Exercise instructions:
Would you return each entry exactly as written, omitting any pictures?

[Data extracted from a collection]
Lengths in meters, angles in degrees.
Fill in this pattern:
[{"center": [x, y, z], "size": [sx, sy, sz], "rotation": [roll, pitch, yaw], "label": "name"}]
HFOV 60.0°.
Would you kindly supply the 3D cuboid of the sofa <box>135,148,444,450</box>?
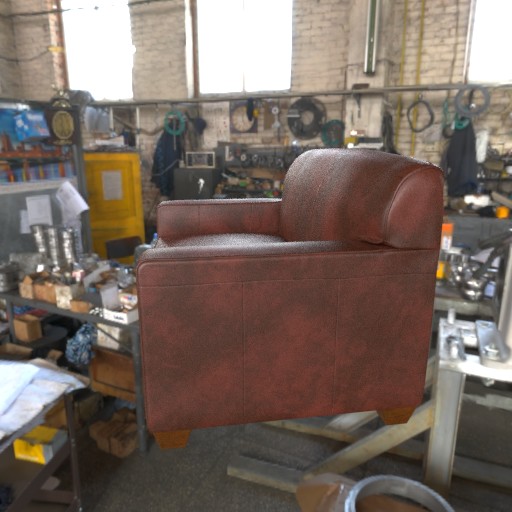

Output:
Lengths in meters, angles in degrees.
Fill in this pattern:
[{"center": [x, y, z], "size": [sx, sy, sz], "rotation": [roll, pitch, yaw], "label": "name"}]
HFOV 60.0°.
Would you kindly supply the 3D cuboid of the sofa <box>135,148,444,450</box>?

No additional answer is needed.